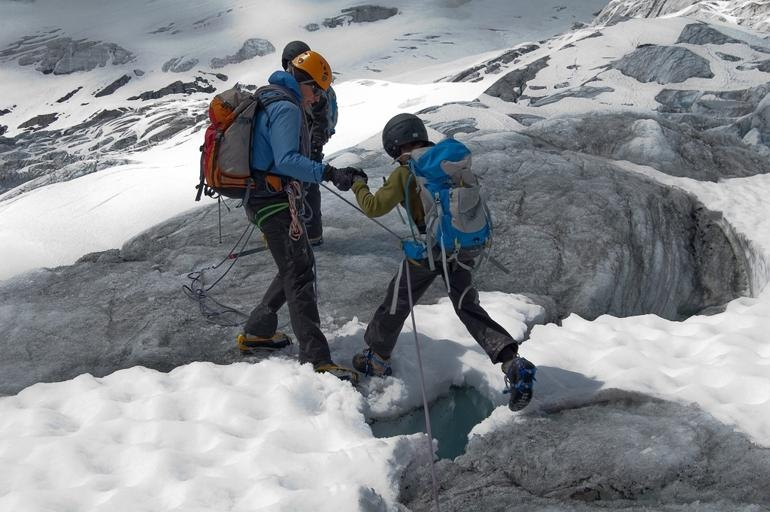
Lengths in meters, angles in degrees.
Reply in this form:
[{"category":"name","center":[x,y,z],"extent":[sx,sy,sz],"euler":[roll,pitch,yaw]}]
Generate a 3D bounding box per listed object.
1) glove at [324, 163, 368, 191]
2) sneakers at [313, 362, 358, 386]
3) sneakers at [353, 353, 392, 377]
[{"category":"glove","center":[-0.564,-1.039,10.306],"extent":[0.548,0.301,0.198],"euler":[20,44,-14]},{"category":"sneakers","center":[-0.626,1.585,10.783],"extent":[0.717,0.267,0.223],"euler":[15,33,-11]},{"category":"sneakers","center":[-0.180,1.510,10.824],"extent":[0.449,0.267,0.131],"euler":[13,54,5]}]
· · · ·
### Work item
Transcribe the full listing above exactly, with the images removed.

### Written solution
Lengths in meters, angles in degrees.
Reply in this form:
[{"category":"name","center":[x,y,z],"extent":[sx,sy,sz],"euler":[roll,pitch,yaw]}]
Generate a 3D bounding box per listed object.
1) glove at [324, 163, 368, 191]
2) sneakers at [313, 362, 358, 386]
3) sneakers at [353, 353, 392, 377]
[{"category":"glove","center":[-0.564,-1.039,10.306],"extent":[0.548,0.301,0.198],"euler":[20,44,-14]},{"category":"sneakers","center":[-0.626,1.585,10.783],"extent":[0.717,0.267,0.223],"euler":[15,33,-11]},{"category":"sneakers","center":[-0.180,1.510,10.824],"extent":[0.449,0.267,0.131],"euler":[13,54,5]}]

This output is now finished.